===== Data supplied

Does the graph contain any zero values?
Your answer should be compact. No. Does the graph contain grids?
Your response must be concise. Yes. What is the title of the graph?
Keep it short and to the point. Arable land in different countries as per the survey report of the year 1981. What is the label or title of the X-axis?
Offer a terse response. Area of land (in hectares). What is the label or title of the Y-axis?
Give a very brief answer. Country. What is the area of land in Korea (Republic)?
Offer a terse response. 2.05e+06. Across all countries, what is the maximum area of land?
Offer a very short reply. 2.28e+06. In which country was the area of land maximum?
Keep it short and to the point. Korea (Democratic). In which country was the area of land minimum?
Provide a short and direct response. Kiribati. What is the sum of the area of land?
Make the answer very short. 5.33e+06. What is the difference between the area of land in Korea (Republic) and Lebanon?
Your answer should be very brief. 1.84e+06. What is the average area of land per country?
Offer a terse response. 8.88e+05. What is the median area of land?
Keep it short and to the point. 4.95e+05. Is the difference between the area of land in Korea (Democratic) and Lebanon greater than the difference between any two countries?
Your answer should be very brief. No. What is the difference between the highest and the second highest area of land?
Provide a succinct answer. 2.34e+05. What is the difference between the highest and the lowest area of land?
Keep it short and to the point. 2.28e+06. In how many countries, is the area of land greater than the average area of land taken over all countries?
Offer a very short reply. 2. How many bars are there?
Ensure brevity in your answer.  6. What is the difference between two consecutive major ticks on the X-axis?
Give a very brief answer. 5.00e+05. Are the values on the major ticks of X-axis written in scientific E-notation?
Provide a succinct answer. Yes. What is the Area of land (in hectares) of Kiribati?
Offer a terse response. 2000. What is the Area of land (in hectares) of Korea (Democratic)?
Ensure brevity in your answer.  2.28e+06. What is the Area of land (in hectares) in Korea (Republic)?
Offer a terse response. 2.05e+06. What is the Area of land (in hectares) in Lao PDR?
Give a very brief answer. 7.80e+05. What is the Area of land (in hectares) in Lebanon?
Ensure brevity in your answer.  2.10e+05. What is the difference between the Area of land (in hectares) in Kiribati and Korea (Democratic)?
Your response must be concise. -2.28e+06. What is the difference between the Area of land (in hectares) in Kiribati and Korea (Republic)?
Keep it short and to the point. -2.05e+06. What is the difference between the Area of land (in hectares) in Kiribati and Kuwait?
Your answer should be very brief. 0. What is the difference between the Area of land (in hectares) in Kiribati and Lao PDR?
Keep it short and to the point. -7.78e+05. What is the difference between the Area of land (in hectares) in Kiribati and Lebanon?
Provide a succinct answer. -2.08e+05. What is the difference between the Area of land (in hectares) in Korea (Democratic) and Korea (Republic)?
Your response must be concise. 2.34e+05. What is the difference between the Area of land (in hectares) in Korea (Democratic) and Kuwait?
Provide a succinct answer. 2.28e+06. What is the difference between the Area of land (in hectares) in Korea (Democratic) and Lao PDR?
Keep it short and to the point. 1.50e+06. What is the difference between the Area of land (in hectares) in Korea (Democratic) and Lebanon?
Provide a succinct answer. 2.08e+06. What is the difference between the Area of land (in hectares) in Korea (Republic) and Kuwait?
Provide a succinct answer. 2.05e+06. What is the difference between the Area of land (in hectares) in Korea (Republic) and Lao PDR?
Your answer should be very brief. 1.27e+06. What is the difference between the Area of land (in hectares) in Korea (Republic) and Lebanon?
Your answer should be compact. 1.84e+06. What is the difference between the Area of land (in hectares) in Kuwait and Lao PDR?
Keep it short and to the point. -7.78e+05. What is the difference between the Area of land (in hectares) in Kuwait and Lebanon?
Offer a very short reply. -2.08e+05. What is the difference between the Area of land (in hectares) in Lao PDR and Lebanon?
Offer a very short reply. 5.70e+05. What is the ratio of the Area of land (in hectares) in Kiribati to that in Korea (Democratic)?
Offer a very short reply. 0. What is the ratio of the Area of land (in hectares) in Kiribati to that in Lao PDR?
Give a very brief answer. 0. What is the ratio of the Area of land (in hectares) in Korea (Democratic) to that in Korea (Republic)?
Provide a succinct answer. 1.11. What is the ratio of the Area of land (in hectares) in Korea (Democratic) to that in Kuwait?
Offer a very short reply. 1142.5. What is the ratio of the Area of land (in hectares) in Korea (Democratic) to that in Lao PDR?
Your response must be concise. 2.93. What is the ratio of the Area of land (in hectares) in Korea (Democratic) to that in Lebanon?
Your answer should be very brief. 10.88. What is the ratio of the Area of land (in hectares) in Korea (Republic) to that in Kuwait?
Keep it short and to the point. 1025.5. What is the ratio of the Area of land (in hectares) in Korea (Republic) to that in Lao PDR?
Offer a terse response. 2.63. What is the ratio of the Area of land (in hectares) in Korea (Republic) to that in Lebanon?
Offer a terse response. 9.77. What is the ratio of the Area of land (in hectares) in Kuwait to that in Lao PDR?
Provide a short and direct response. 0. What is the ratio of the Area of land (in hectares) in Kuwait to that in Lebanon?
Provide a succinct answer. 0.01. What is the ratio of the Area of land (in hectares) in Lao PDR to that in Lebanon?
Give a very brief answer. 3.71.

==========

» Exercise details
Give the number, and nothing else, of lines in the listing above that include the word "direct".

» Reply to the exercise
2